La data existe en print et en TV
Les approches marketing centrées sur la data débordent du cadre digital pour irriguer la télévision et la presse. A l'instar par exemple de la campagne print personnalisée qu'a réalisée Prisma Media Solution pour HSBC : afin de déclencher des visites en agence (drive-to-store), la régie a croisé le fichier client de la banque avec ses données médias, en a exclu les clients HSBC, puis a adressé les prospects sous la forme d'une surcouverture personnalisée selon la zone de chalandise.
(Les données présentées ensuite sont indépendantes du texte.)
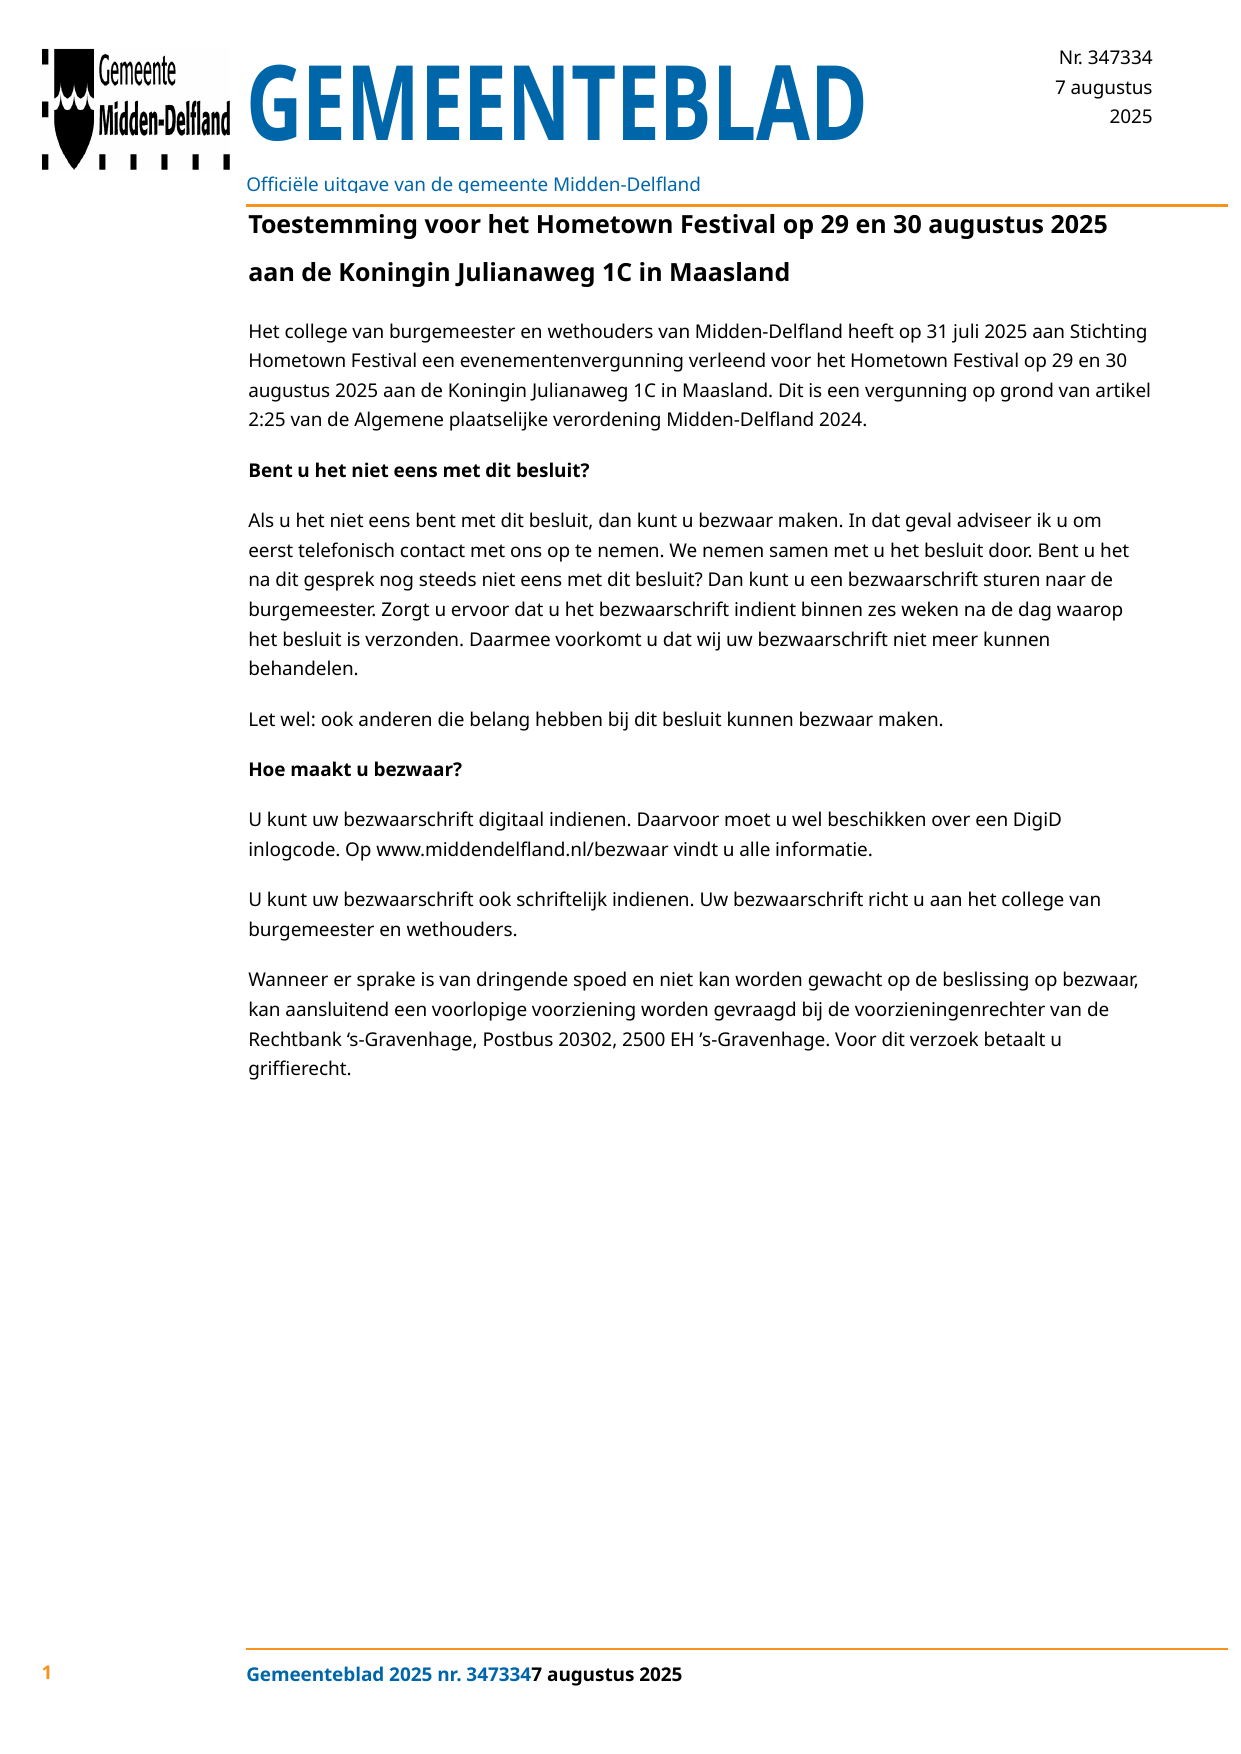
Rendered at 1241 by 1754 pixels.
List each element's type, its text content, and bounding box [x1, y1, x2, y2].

L'offre One Data lancée par TF1 au printemps dernier développe la proximité avec les univers de consommation en intégrant une approche de GRP par produit (GRP café, GRP eaux plates...) dans les outils de médiaplanning, via un partenariat avec Kantar Worldpanel. Afin de prouver l'efficacité de ses campagnes de branding sur les ventes, TF1 Publicité a enfin lancé une étude économétrique croisant 30 mois de "sorties de caisses" (panel Nielsen) et autant d'investissements médias.
A savoir :
Fournisseur : Les régies des groupes médias (M Publicité, Les Echos, FigaroMedias, Prisma Media Solution, TF1 Publicité, M6 Publicité...) et les places de marché programmatique (La Place Média, Audience Square, 366 Global Territoires).
Coût : 3 à 15 euros le CPM (ad-exchanges) et de 8 à 100 euros (régies médias).